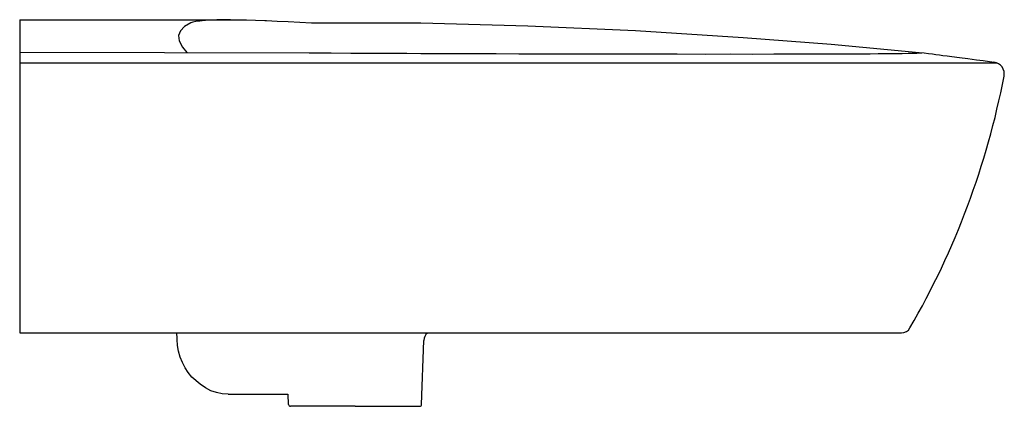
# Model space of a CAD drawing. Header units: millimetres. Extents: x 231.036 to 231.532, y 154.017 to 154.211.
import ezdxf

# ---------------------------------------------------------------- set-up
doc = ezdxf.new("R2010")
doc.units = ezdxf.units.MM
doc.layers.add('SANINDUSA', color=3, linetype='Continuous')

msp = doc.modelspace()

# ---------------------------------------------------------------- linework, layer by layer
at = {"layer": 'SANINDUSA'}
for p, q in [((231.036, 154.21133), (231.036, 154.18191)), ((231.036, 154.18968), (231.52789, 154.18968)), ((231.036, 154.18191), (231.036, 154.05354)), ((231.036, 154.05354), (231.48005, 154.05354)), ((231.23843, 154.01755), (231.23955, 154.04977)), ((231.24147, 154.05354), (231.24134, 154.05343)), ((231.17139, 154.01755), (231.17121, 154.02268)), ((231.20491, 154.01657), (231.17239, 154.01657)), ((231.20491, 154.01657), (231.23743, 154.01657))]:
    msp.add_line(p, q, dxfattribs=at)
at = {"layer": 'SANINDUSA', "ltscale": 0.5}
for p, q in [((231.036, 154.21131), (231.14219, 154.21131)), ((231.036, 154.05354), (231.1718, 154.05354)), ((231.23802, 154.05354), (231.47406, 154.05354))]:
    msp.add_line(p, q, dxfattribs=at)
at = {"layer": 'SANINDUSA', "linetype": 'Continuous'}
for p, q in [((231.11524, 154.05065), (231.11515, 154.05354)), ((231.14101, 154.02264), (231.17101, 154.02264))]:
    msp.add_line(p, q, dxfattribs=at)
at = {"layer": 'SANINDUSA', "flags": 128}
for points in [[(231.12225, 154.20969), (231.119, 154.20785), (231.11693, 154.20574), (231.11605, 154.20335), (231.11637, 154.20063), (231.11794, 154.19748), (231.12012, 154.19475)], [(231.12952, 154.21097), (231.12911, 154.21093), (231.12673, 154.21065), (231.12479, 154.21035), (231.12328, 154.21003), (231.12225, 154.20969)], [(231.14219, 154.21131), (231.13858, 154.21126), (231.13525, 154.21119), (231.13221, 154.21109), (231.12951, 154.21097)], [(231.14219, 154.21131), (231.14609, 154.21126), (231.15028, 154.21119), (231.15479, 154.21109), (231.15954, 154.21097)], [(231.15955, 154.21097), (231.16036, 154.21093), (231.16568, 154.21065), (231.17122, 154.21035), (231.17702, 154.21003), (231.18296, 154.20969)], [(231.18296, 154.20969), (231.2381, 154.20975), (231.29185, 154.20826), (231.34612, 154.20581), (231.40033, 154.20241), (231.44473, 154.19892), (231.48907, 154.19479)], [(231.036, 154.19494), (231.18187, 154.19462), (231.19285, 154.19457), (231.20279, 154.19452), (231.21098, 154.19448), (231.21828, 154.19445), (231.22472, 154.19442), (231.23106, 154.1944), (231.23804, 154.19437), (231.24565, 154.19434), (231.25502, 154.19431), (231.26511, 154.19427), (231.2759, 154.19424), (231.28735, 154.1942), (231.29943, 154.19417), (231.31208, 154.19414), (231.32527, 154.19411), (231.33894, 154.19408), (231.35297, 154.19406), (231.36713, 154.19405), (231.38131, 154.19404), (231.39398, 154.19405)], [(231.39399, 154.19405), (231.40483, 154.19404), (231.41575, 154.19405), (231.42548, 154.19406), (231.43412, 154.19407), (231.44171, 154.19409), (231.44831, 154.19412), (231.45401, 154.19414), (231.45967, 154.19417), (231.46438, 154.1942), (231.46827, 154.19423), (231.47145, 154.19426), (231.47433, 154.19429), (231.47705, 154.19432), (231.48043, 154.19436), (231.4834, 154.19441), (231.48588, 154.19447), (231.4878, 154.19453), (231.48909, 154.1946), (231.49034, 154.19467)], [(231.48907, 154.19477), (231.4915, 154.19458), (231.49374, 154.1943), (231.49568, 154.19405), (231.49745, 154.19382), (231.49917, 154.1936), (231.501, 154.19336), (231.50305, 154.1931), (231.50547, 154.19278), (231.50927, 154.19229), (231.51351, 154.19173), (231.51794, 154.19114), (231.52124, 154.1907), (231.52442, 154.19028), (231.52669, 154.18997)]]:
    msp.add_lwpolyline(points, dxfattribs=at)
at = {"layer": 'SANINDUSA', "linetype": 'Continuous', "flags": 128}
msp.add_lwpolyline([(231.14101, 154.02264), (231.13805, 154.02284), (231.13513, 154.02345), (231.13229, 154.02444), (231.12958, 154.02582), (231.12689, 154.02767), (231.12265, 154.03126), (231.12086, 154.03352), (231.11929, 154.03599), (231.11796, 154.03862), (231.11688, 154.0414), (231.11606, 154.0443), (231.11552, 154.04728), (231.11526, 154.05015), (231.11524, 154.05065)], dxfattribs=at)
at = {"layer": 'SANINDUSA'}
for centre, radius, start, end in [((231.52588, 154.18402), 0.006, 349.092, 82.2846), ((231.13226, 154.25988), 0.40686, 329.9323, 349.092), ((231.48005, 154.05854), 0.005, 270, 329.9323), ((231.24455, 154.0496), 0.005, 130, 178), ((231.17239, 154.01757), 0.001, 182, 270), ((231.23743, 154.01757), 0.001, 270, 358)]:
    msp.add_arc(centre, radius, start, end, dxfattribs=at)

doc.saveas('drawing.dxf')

────────────────

For this exercise, transcribe the entries verbatim and skip all pictures.

# Model space of a CAD drawing. Header units: millimetres. Extents: x 231.036 to 231.532, y 154.017 to 154.211.
import ezdxf

# ---------------------------------------------------------------- set-up
doc = ezdxf.new("R2010")
doc.units = ezdxf.units.MM
doc.layers.add('SANINDUSA', color=3, linetype='Continuous')

msp = doc.modelspace()

# ---------------------------------------------------------------- linework, layer by layer
at = {"layer": 'SANINDUSA'}
for p, q in [((231.036, 154.21133), (231.036, 154.18191)), ((231.036, 154.18968), (231.52789, 154.18968)), ((231.036, 154.18191), (231.036, 154.05354)), ((231.036, 154.05354), (231.48005, 154.05354)), ((231.23843, 154.01755), (231.23955, 154.04977)), ((231.24147, 154.05354), (231.24134, 154.05343)), ((231.17139, 154.01755), (231.17121, 154.02268)), ((231.20491, 154.01657), (231.17239, 154.01657)), ((231.20491, 154.01657), (231.23743, 154.01657))]:
    msp.add_line(p, q, dxfattribs=at)
at = {"layer": 'SANINDUSA', "ltscale": 0.5}
for p, q in [((231.036, 154.21131), (231.14219, 154.21131)), ((231.036, 154.05354), (231.1718, 154.05354)), ((231.23802, 154.05354), (231.47406, 154.05354))]:
    msp.add_line(p, q, dxfattribs=at)
at = {"layer": 'SANINDUSA', "linetype": 'Continuous'}
for p, q in [((231.11524, 154.05065), (231.11515, 154.05354)), ((231.14101, 154.02264), (231.17101, 154.02264))]:
    msp.add_line(p, q, dxfattribs=at)
at = {"layer": 'SANINDUSA', "flags": 128}
for points in [[(231.12225, 154.20969), (231.119, 154.20785), (231.11693, 154.20574), (231.11605, 154.20335), (231.11637, 154.20063), (231.11794, 154.19748), (231.12012, 154.19475)], [(231.12952, 154.21097), (231.12911, 154.21093), (231.12673, 154.21065), (231.12479, 154.21035), (231.12328, 154.21003), (231.12225, 154.20969)], [(231.14219, 154.21131), (231.13858, 154.21126), (231.13525, 154.21119), (231.13221, 154.21109), (231.12951, 154.21097)], [(231.14219, 154.21131), (231.14609, 154.21126), (231.15028, 154.21119), (231.15479, 154.21109), (231.15954, 154.21097)], [(231.15955, 154.21097), (231.16036, 154.21093), (231.16568, 154.21065), (231.17122, 154.21035), (231.17702, 154.21003), (231.18296, 154.20969)], [(231.18296, 154.20969), (231.2381, 154.20975), (231.29185, 154.20826), (231.34612, 154.20581), (231.40033, 154.20241), (231.44473, 154.19892), (231.48907, 154.19479)], [(231.036, 154.19494), (231.18187, 154.19462), (231.19285, 154.19457), (231.20279, 154.19452), (231.21098, 154.19448), (231.21828, 154.19445), (231.22472, 154.19442), (231.23106, 154.1944), (231.23804, 154.19437), (231.24565, 154.19434), (231.25502, 154.19431), (231.26511, 154.19427), (231.2759, 154.19424), (231.28735, 154.1942), (231.29943, 154.19417), (231.31208, 154.19414), (231.32527, 154.19411), (231.33894, 154.19408), (231.35297, 154.19406), (231.36713, 154.19405), (231.38131, 154.19404), (231.39398, 154.19405)], [(231.39399, 154.19405), (231.40483, 154.19404), (231.41575, 154.19405), (231.42548, 154.19406), (231.43412, 154.19407), (231.44171, 154.19409), (231.44831, 154.19412), (231.45401, 154.19414), (231.45967, 154.19417), (231.46438, 154.1942), (231.46827, 154.19423), (231.47145, 154.19426), (231.47433, 154.19429), (231.47705, 154.19432), (231.48043, 154.19436), (231.4834, 154.19441), (231.48588, 154.19447), (231.4878, 154.19453), (231.48909, 154.1946), (231.49034, 154.19467)], [(231.48907, 154.19477), (231.4915, 154.19458), (231.49374, 154.1943), (231.49568, 154.19405), (231.49745, 154.19382), (231.49917, 154.1936), (231.501, 154.19336), (231.50305, 154.1931), (231.50547, 154.19278), (231.50927, 154.19229), (231.51351, 154.19173), (231.51794, 154.19114), (231.52124, 154.1907), (231.52442, 154.19028), (231.52669, 154.18997)]]:
    msp.add_lwpolyline(points, dxfattribs=at)
at = {"layer": 'SANINDUSA', "linetype": 'Continuous', "flags": 128}
msp.add_lwpolyline([(231.14101, 154.02264), (231.13805, 154.02284), (231.13513, 154.02345), (231.13229, 154.02444), (231.12958, 154.02582), (231.12689, 154.02767), (231.12265, 154.03126), (231.12086, 154.03352), (231.11929, 154.03599), (231.11796, 154.03862), (231.11688, 154.0414), (231.11606, 154.0443), (231.11552, 154.04728), (231.11526, 154.05015), (231.11524, 154.05065)], dxfattribs=at)
at = {"layer": 'SANINDUSA'}
for centre, radius, start, end in [((231.52588, 154.18402), 0.006, 349.092, 82.2846), ((231.13226, 154.25988), 0.40686, 329.9323, 349.092), ((231.48005, 154.05854), 0.005, 270, 329.9323), ((231.24455, 154.0496), 0.005, 130, 178), ((231.17239, 154.01757), 0.001, 182, 270), ((231.23743, 154.01757), 0.001, 270, 358)]:
    msp.add_arc(centre, radius, start, end, dxfattribs=at)

doc.saveas('drawing.dxf')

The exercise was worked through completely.